Popular Herbs and Vegetables for Export
Among the commonly grown herbs for export are chives, mint, dill, basil, and tarragon. When it comes to vegetables, French beans, runner beans, tender stem broccoli, snow peas, baby corn, and pakchoi are commonly exported.
The Crop Life Cycle Starts at the Nursery
The life cycle of a crop usually begins at the nursery where propagation takes place. To ensure successful growth, an optimizer is used. This optimizer is a biostimulant, stress manager, and seed dormancy breaker. It’s a natural fermented seaweed liquid bio-fertilizer enriched with chelating NPK, natural plant hormones, amino acids, and various other beneficial elements.
Challenges in Exporting Fresh Vegetables and Herbs
Exporters of fresh vegetables and herbs face difficulties in finding products with short Post Harvest Interval (PHI) to combat issues like downy mildew, rust, and powdery mildew.

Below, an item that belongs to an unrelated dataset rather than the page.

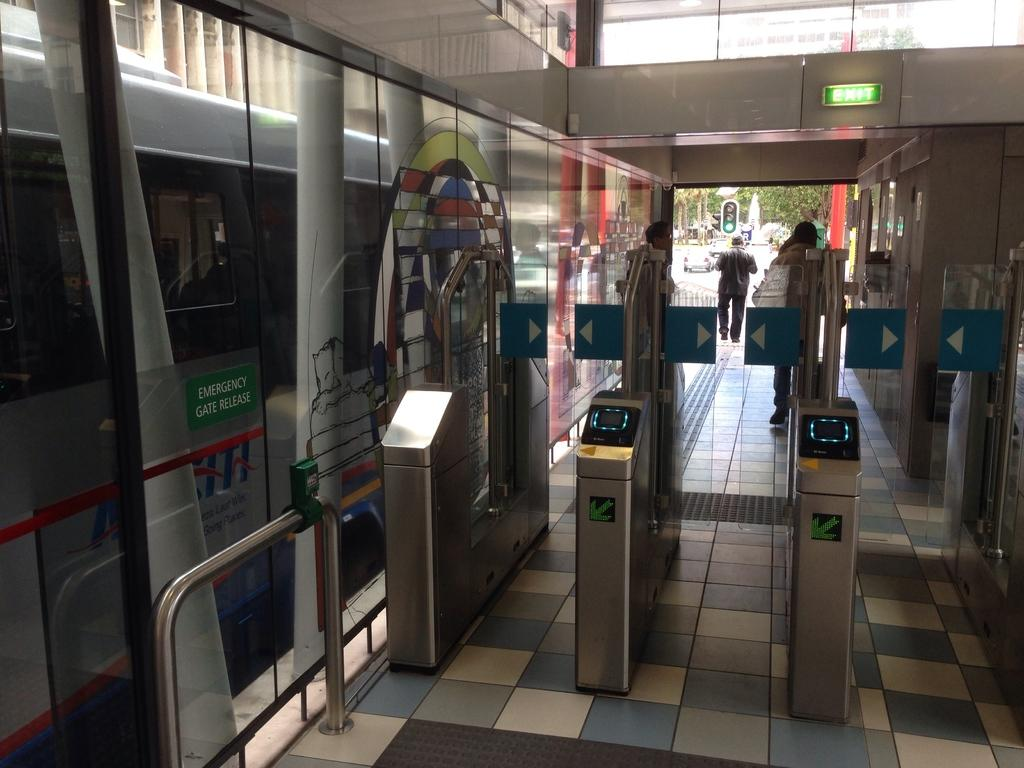<image>
Provide a brief description of the given image. Turnstiles near an exit sign and an emergency gate release sign are near a doorway. 
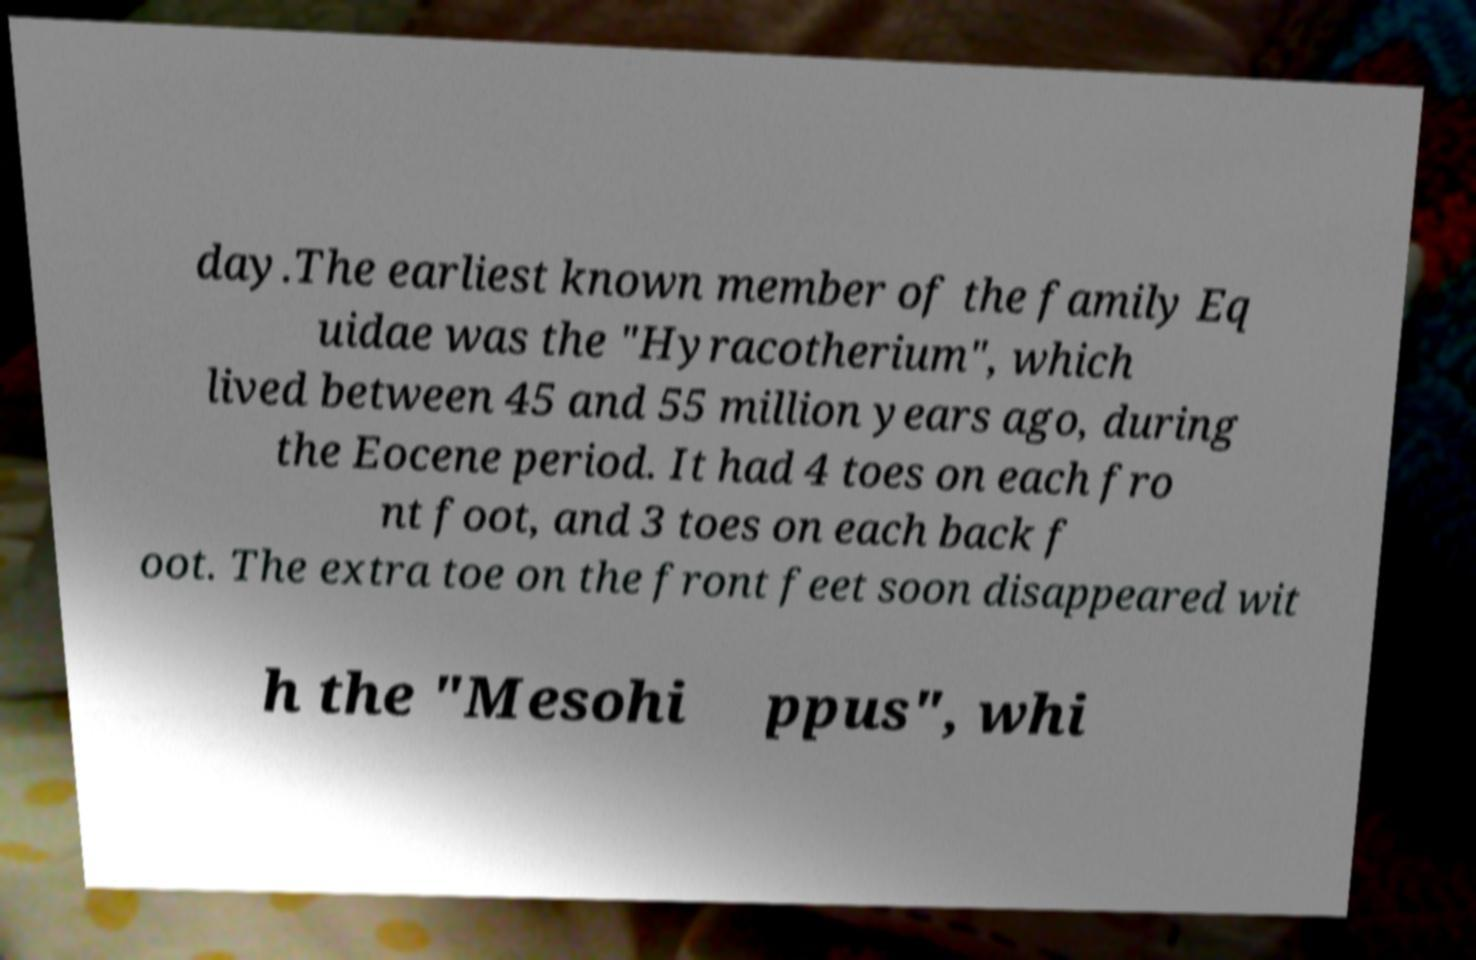Could you extract and type out the text from this image? day.The earliest known member of the family Eq uidae was the "Hyracotherium", which lived between 45 and 55 million years ago, during the Eocene period. It had 4 toes on each fro nt foot, and 3 toes on each back f oot. The extra toe on the front feet soon disappeared wit h the "Mesohi ppus", whi

Introducing Effective Solutions
To address these challenges, we have introduced Biosure 120sl, a contact biofungicide that provides complete protection against downy mildew, rust, and anthracnose. For fresh herbs and vegetables, it is recommended to use this product at a rate of 1 liter per hectare.
Another milestone in the export industry is Explorer 3sl, a unique natural systemic fungicide that offers both preventive and curative actions. It is made from a plant extract, clove oil, which is safe to use. After spraying, the crop can be harvested within 24 hours.
Short PHI Products Preferred by Exporters
These products with a short PHI have become the preferred choice for herb and vegetable exporters. Many farmers who want to venture into the export of herbs and vegetables often wonder how to get started. Here is some advice to follow before entering this sector.
Adhering to Good Agricultural Practices (KenyaGAP)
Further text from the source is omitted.